Histopathological Study of Gastric Adenocarcinoma with Special Reference to Expression of HER2/neu and Ki-67 Assessed by Immunohistochemistry

• Abstract
• Introduction
• Objectives
• Materials and Methods
• Study Design
• Primary Outcome
• Secondary Outcome
• Inclusion Criteria
• Exclusion Criteria
• HER2 IHC Pattern in Surgical Specimen
• HER2 IHC Pattern in Biopsy Specimen
• Statistical Analysis
• Ethics
• Results
• Discussion
• Conclusion
• References

Abstract

Introduction Gastric cancer has become the third leading cause of cancer deaths globally. It accounts for 5.7% of cancer around the world, with a rate of mortality around 8.2%. Evaluation of human epidermal growth factor receptor 2 (HER2)/neu overexpression for targeted therapies is presently the mainstay of treatment in gastric cancer. High Ki-67 index expression in gastric cancer is an indicator of poor prognosis.

Objectives To study the prevalence of HER2/neu expression and Ki-67 index in various types, sites, grade, and stage of gastric adenocarcinoma and to determine the correlation between HER2/neu expression and Ki-67 index.

Materials and Methods This is a prospective study in a tertiary care hospital, Kolkata from January 2019 to June 2020. Gastrectomy and endoscopic biopsy of gastric adenocarcinoma were studied for histopathology and immunohistochemistry (HER2/neu and Ki-67 index). Statistical analysis used: SPSS (version 21.0, IBM, Chicago, Illinois, United States) for windows software.

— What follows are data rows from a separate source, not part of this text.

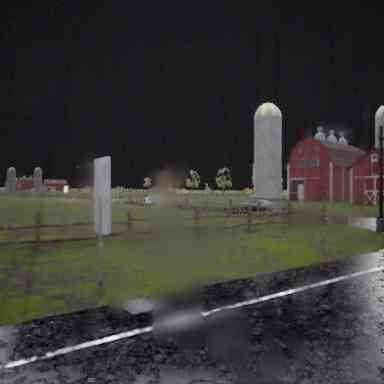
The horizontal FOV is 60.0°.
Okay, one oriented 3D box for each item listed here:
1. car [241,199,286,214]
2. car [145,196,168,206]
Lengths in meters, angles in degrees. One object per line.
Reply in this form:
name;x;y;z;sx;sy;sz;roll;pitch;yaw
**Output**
car;6.899;1.443;32.586;1.837;1.490;4.892;0;1;-36
car;-5.422;1.264;49.744;1.812;1.442;4.674;0;1;-36
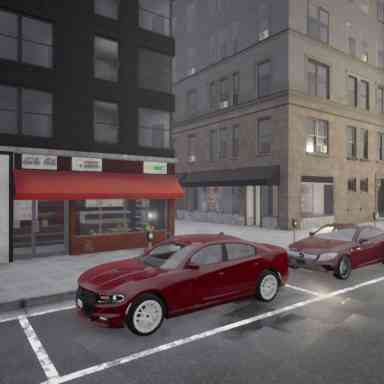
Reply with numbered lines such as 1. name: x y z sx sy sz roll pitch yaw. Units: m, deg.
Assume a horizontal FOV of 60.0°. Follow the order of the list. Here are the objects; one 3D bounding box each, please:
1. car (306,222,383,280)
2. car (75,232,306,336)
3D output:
1. car: 4.542 1.576 9.885 4.206 1.307 1.802 0 0 -35
2. car: 0.022 1.544 6.662 4.507 1.381 1.887 0 0 -35
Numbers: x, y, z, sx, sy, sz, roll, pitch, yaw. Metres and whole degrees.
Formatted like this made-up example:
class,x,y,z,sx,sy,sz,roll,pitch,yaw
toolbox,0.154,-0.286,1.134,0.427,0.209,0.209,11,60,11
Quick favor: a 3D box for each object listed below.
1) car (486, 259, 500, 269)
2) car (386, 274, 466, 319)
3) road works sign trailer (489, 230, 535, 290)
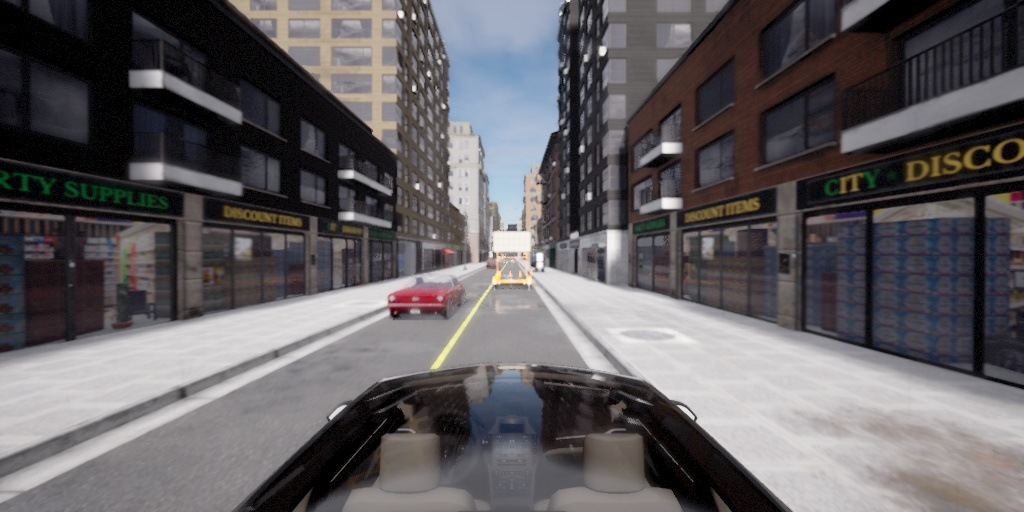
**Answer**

Results Among 54 cases, most of them were intestinal type, antral, moderately differentiated, stage III cases. HER2 expression and high Ki-67 index were observed in 28.0 and 40.75% cases, respectively. Statistically significant correlation was found in both HER2 expression and high Ki-67 index with location of the tumor and pathological nodal (pN) stage. A positive correlation was found between HER2/neu score and Ki-67 index (p = 0.007) (correlation coefficient = 0.4).

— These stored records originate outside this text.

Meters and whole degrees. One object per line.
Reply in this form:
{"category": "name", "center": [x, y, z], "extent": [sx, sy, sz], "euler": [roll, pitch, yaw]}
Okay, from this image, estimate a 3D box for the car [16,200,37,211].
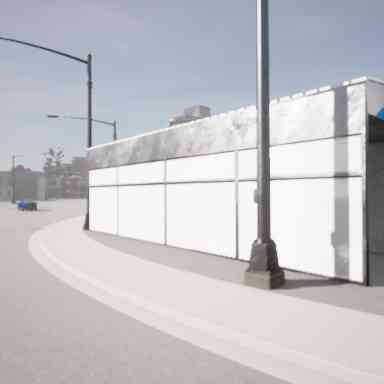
{"category": "car", "center": [-22.645, 1.791, 45.639], "extent": [1.882, 1.535, 5.008], "euler": [0, 0, -36]}
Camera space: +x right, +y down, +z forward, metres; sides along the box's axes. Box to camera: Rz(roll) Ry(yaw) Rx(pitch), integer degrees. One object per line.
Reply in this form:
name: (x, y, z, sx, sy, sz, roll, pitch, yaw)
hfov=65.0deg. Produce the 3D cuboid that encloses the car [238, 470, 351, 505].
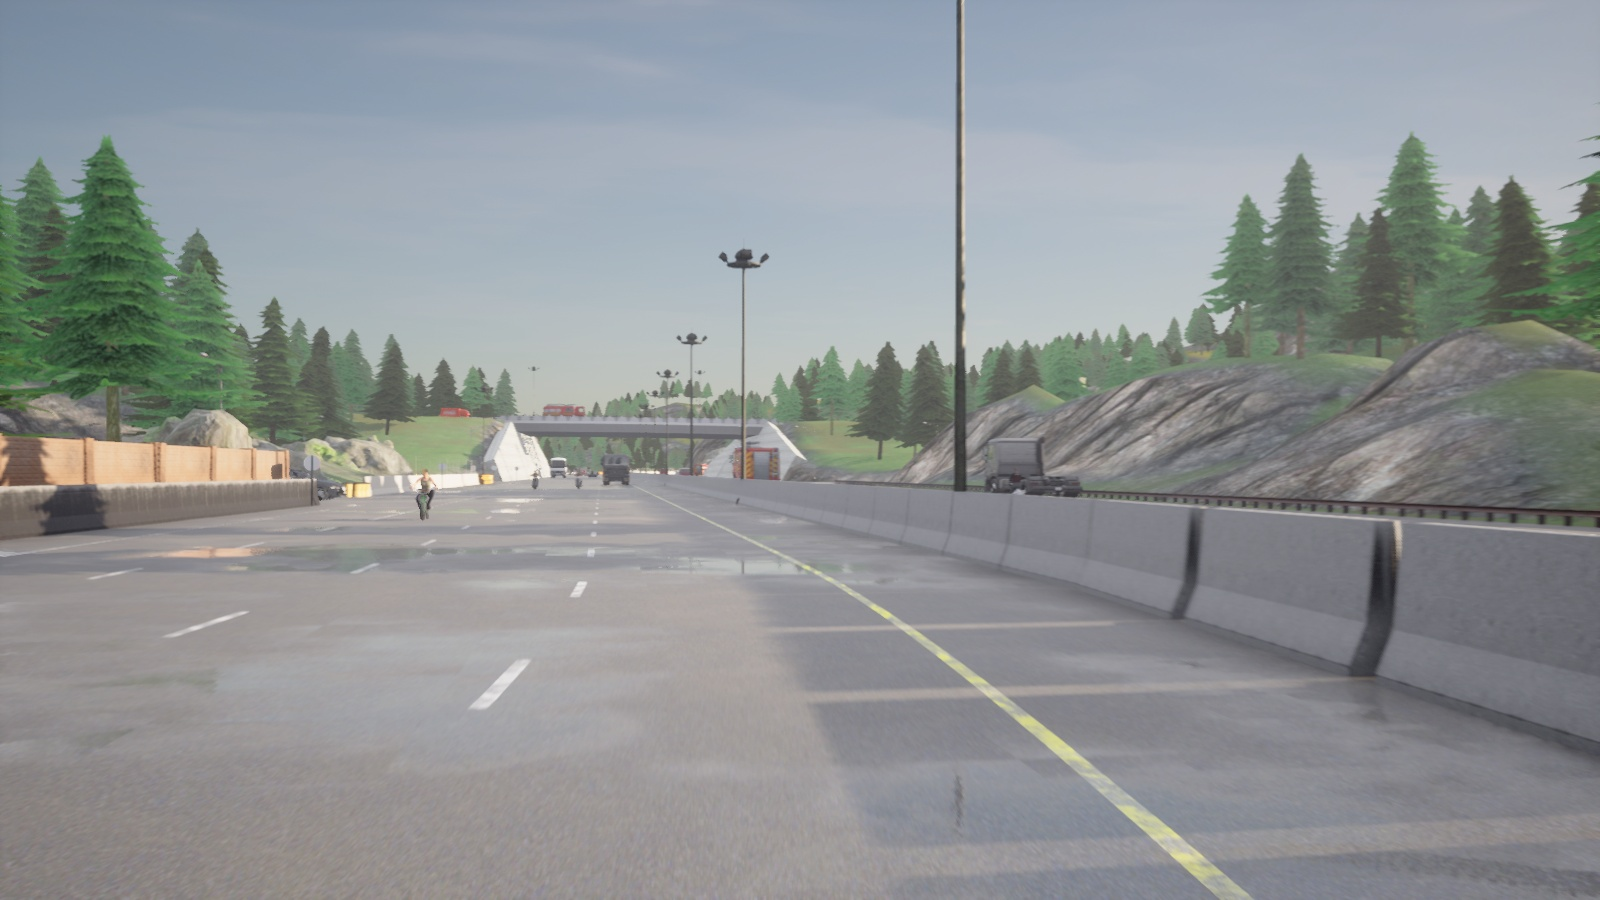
car: (-25.860, 1.924, 64.398, 4.902, 1.511, 2.128, 4, -2, -7)

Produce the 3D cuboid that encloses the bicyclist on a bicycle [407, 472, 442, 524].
bicyclist on a bicycle: (-11.709, 1.481, 39.192, 0.866, 1.612, 1.509, 0, -1, -9)

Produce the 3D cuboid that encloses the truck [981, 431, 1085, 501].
truck: (12.259, 0.871, 66.867, 2.891, 3.462, 7.936, 0, -1, -9)
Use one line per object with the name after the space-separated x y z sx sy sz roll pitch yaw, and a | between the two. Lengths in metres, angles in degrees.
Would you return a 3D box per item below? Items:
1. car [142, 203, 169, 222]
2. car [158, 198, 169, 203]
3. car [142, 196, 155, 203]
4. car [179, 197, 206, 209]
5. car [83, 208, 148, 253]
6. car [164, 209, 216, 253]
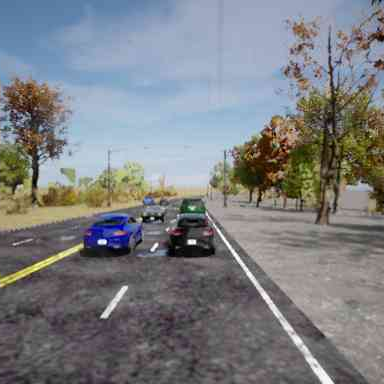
-3.181 1.864 29.011 1.895 1.301 4.718 0 0 0 | car
-6.037 2.092 70.964 1.837 1.490 4.892 0 0 1 | car
-9.286 1.817 70.983 2.150 2.045 5.566 0 0 1 | car
0.044 1.459 28.922 2.150 2.045 5.566 -1 0 0 | car
-3.233 1.659 14.316 1.812 1.442 4.674 0 0 0 | car
0.017 1.659 14.303 1.812 1.442 4.674 0 0 0 | car
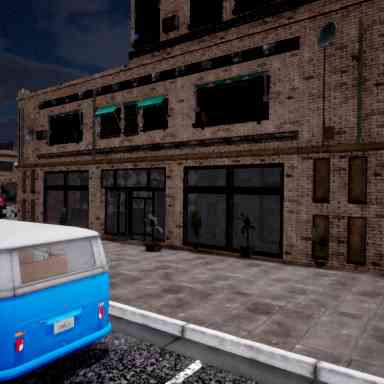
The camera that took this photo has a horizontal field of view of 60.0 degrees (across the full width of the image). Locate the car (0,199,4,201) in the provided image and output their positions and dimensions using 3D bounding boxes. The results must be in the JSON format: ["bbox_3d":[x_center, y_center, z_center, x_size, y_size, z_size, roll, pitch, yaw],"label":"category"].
[{"bbox_3d":[-21.808,1.684,33.367,1.994,1.385,4.181,1,0,36],"label":"car"}]

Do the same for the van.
[{"bbox_3d":[-3.021,1.340,5.016,3.998,1.788,1.690,0,1,36],"label":"van"}]

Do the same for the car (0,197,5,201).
[{"bbox_3d":[-22.898,1.411,36.248,2.192,1.841,5.009,0,0,36],"label":"car"}]

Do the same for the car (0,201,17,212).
[{"bbox_3d":[-16.147,1.793,31.289,1.947,1.339,4.313,0,0,36],"label":"car"}]
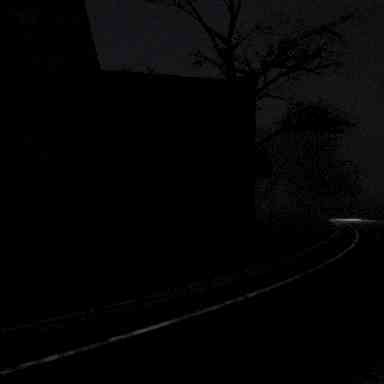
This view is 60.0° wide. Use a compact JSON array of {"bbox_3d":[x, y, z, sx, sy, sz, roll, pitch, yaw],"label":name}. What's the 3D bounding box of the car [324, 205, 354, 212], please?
[{"bbox_3d":[15.011,1.564,34.106,1.994,1.385,4.181,1,-1,4],"label":"car"}]

Conclusion A positive correlation was found between HER2/neu positivity and high Ki-67 index, both were associated with higher pathological tumor stage and pN stage. So, advanced cases may be considered for targeted therapy using trastuzumab.

Introduction

Gastric cancer ranks third globally in terms of overall cancer mortality, trailing only colorectal and lung cancer, according to GLOBOCAN[a] 2018 data. Among all cancers, gastric cancer has the fifth highest incidence, accounting for 5.7% of newly diagnosed cases.[1] [2] Ten percent of deaths caused by cancer globally are attributable to gastric carcinoma (GC), which has a 70% case fatality rate.[3]

Males are more likely to develop gastric cancer. In developed countries, men have 2.2 times greater likelihood than women to get diagnosed with stomach cancer. The ratio in developing countries is 1.83.[1] Although most patients are older than 50 years, rare cases arise in younger individuals and even children.[4]

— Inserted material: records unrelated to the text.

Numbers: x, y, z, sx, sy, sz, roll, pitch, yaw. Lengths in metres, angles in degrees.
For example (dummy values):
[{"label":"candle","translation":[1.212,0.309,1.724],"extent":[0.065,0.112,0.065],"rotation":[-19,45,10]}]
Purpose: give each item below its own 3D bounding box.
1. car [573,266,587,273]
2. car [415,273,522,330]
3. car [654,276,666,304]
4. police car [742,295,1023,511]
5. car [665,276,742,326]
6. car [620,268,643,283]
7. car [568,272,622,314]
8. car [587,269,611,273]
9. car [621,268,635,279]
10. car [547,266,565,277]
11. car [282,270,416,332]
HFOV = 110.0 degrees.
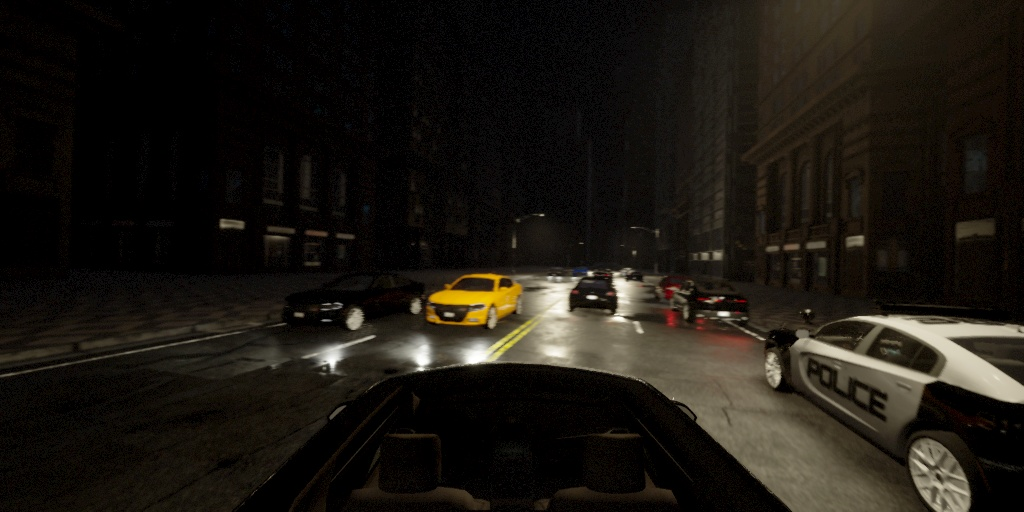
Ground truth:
[{"label":"car","translation":[10.002,2.248,52.094],"extent":[1.882,1.535,5.008],"rotation":[1,-1,16]},{"label":"car","translation":[-1.004,1.339,11.935],"extent":[1.882,1.535,5.008],"rotation":[1,-1,15]},{"label":"car","translation":[8.898,1.780,19.429],"extent":[1.812,1.442,4.674],"rotation":[1,-1,15]},{"label":"police car","translation":[4.707,1.344,4.108],"extent":[1.930,1.638,5.238],"rotation":[1,-1,15]},{"label":"car","translation":[7.315,1.632,13.644],"extent":[1.837,1.490,4.892],"rotation":[1,-1,15]},{"label":"car","translation":[13.635,2.187,40.270],"extent":[2.128,1.511,4.902],"rotation":[1,-1,16]},{"label":"car","translation":[3.629,1.614,15.812],"extent":[1.994,1.385,4.181],"rotation":[1,-1,15]},{"label":"car","translation":[8.412,1.931,33.273],"extent":[2.128,1.511,4.902],"rotation":[1,-1,15]},{"label":"car","translation":[17.057,2.516,52.930],"extent":[1.812,1.442,4.674],"rotation":[1,-1,15]},{"label":"car","translation":[6.365,2.196,51.146],"extent":[2.033,1.411,5.357],"rotation":[1,-1,15]},{"label":"car","translation":[-4.570,1.226,11.215],"extent":[1.882,1.535,5.008],"rotation":[1,-1,15]}]
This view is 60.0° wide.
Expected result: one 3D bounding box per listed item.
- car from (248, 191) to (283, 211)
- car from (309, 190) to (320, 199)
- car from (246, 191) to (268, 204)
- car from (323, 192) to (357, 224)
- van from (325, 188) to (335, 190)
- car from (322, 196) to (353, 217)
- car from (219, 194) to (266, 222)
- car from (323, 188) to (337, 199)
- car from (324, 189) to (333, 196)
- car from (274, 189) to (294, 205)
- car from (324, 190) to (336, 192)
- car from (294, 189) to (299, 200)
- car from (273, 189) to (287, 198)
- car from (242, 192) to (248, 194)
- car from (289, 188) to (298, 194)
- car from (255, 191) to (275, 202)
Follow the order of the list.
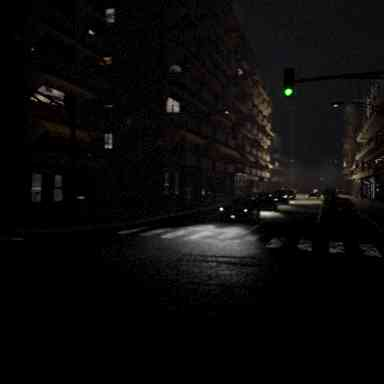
[{"bbox_3d":[6.582,0.885,29.771,1.994,1.385,4.181,2,2,22],"label":"car"},{"bbox_3d":[21.845,0.409,59.416,2.033,1.411,5.357,2,2,22],"label":"car"},{"bbox_3d":[7.919,0.650,40.124,1.802,1.307,4.206,2,2,22],"label":"car"},{"bbox_3d":[9.553,1.051,21.601,1.967,1.590,4.097,2,2,22],"label":"car"},{"bbox_3d":[21.858,0.391,52.436,1.690,1.788,3.998,2,2,22],"label":"van"},{"bbox_3d":[11.601,1.067,26.744,2.008,1.369,4.403,2,2,22],"label":"car"},{"bbox_3d":[3.198,1.077,21.305,1.895,1.301,4.718,2,2,22],"label":"car"},{"bbox_3d":[25.959,0.181,62.714,2.192,1.841,5.009,2,2,22],"label":"car"},{"bbox_3d":[32.104,0.136,78.140,1.887,1.381,4.507,2,2,22],"label":"car"},{"bbox_3d":[10.293,0.503,39.050,2.097,1.767,4.553,2,2,22],"label":"car"},{"bbox_3d":[17.751,0.817,42.164,1.802,1.307,4.206,2,2,22],"label":"car"},{"bbox_3d":[14.116,0.485,48.529,1.837,1.490,4.892,2,2,22],"label":"car"},{"bbox_3d":[16.121,0.243,60.681,1.887,1.381,4.507,2,2,22],"label":"car"},{"bbox_3d":[5.869,0.713,34.984,2.008,1.369,4.403,2,2,22],"label":"car"},{"bbox_3d":[26.373,-0.208,86.380,2.008,1.369,4.403,2,2,22],"label":"car"},{"bbox_3d":[9.970,0.541,45.264,1.947,1.339,4.313,2,2,22],"label":"car"}]

Early-stage cancers are typically treated with surgical resection; however, the majority of patients get diagnosed when the disease has advanced and is frequently incurable. Despite chemotherapy, the outcome for patients with advanced resectable stomach cancer is still pathetic. Therefore, early tumor detection and the use of molecular targeted therapy can increase patient survival by reducing the risk of recurrence and metastasis.[2] [3]

In gastric cancer, overexpression of human epidermal growth factor receptor 2 (HER2)/neu plays a pathogenetic, therapeutic, and predictive role. One of the mainstays of treatment is presently to assess HER2/neu overexpression along with other biomarkers for targeted treatments.[5] HER2/neu oncogene overexpression and amplification has emerged as a critical indicator for determining patient's response to HER2/neu targeted therapy.

There has been some evidence that Ki-67 can be correlated with outcome in stomach cancer.[6]

This study aimed to investigate the clinicopathological spectrum of gastric cancer, and to assess HER2/neu and the Ki-67 index using immunohistochemistry (IHC) techniques on diagnosed cases of adenocarcinoma. This study tried to find correlation of HER2/neu expression and the Ki-67 index with various histomorphological variations and grade of gastric adenocarcinoma.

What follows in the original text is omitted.